The protest of  1744

The first major collision took place in 1744.  In 1737, thanks to the sympathetic policies of  Philibert Orry as controller general of finance,  the weavers had secured some revisions in their favour, but in 1744 a new set of guild regulations were published which  annulled these concessions and once more reinforced the power of the merchant members.  Behind this move were government reforms led by the new royal inspector of silk manufactures, Jacques Vaucanson, who had ambitions to rationalise the entire French silk trade under the control of Lyon merchants running giant silk throwing mills, designed on modern factory lines.  Publication provoked a popular uprising, from 3rd to 6th August 1744.  Weavers ceased work and pillaged the homes of several merchants. The prisons were thrown open, notables fled from the city and in the course of the week perhaps 15,000 rebels took to the streets.  Vaucanson was forced to flee to Paris disguised as a capuchin and the Prévôt des Marchants was temporarily obliged to reinstate the règlement of 1737.

Royal repression swiftly followed, in the course of which one weaver was hanged for sedition and four more sentenced to the galleys.  In  February 1745 the arrêt of 1744 was finally imposed, and, apart from Turgot's shortlived suppression of the Grande Fabrique in 1776, was not to be substantially modified until the Revolution.  By setting an elevated fee for admission to mastership the new rules laid down with clarity the barrier between maîtres marchands and "workers" (artisans and compagnons)as a declaration of 1753 put it, "the state of merchant and that of worker ("l'ouvrier") must be distinguished from one another".

The atelier: another late 19th-century image from the Musée Gadagne
Already, then, by 1744 weavers were prepared to take to the streets in violent collisions. Henceforth they were forced to accept their position as waged workers and aims centred on improvements in piece rates for work done.  Whilst trade expanded their situation, though diminished in status, was tolerable, but from the mid-century onwards declining markets for silk brought hardship and, with it, renewed threats of unrest.  A serious slump in trade drove down de facto rates, whilst traditional municipal reliance on the octrois  - taxes on staples brought into the city -  meant that the price of food and other necessities remained high.  Agitation now focused on need for binding increases in payment and a just tarif (ie. a table of guaranteed piece-work rates)  Petitions multiplied for the upward revision and enforcement of the prix de façon.

The strike of 1786

The rising of 1786, just a few years before the Revolution, cut across several industries.  Unlike the protest of 1744 it was the product of poverty and desperation. In  August 1786 after several months of unrest, artisans in a number of trades - hatters, pastry-cooks and carpenters as well as silk workers -  threatened by an increase in wine prices, stopped work. Agitation rapidly centred on the silk workers and their demand for a doubling of the prix de façon from 2 to 4 sous per aune of fabric (hence it became "l’émeute des deux sous").  The weaver's strike was powerful enough to persuade the local authorities to endorse a new tarif at the end of August but in the end repression was swift and merciless.  Three strikers were hanged and not only was the new tarif  quoshed but the piecework scales abolished. leaving the weavers entirely without protection. Recourse to collective action once again led only to reinforcement of the merchants' position, with the inherently unequal system of bargaining piecework rates officially incorporated into royal legislation for the first time.

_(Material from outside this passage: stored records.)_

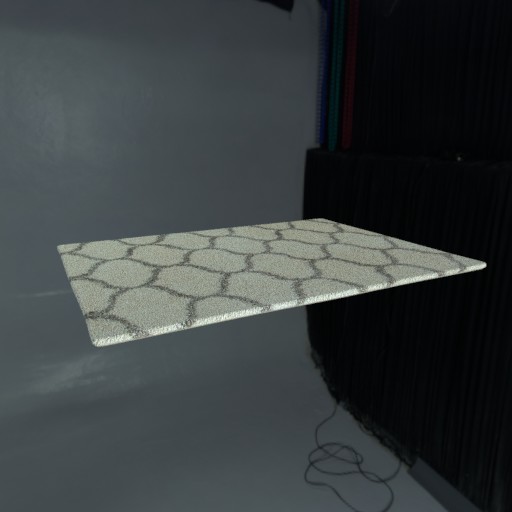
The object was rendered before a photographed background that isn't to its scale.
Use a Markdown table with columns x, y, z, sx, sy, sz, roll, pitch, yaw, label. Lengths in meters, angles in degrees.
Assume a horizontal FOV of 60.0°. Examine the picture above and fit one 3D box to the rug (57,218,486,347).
| x | y | z | sx | sy | sz | roll | pitch | yaw | label |
| --- | --- | --- | --- | --- | --- | --- | --- | --- | --- |
| 0.000 | 0.000 | 2.041 | 1.600 | 0.025 | 1.200 | -8 | 17 | -27 | rug |
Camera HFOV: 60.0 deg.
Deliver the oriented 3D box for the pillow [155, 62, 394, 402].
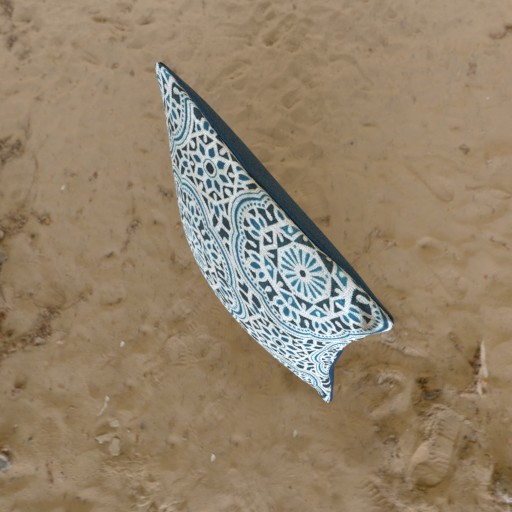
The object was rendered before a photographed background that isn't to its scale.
[{"bbox_3d":[0.000,0.000,0.667,0.145,0.420,0.440,-32,67,-15],"label":"pillow"}]

The disturbances of 1786 were followed by alarming decline in the fortunes of an already ailing industry. Finished cloth stockpiled in merchant warehouses and the harsh winter of 1786-87 destroyed most of Italy's mulberry plantations.  By Spring 1788 the municipality estimated the number of unemployed at twenty-two thousand. Perhaps half the city's looms idle and many of the rest were devoted to poorly paid silk "plaincloth". On the eve of Revolution,  Lyon was already an economy  in crisis, with a desperate and volatile workforce ready for change.


David L. Longfellow, "Silk weavers and the social struggle in Lyon during the French Revolution, 1789-94", French Historical Studies, vol.12(1) 1981 p.1-40. [on JStor]

Bill Edmonds, "The rise and fall of popular democracy in Lyon, 1789-1795" (pdf) 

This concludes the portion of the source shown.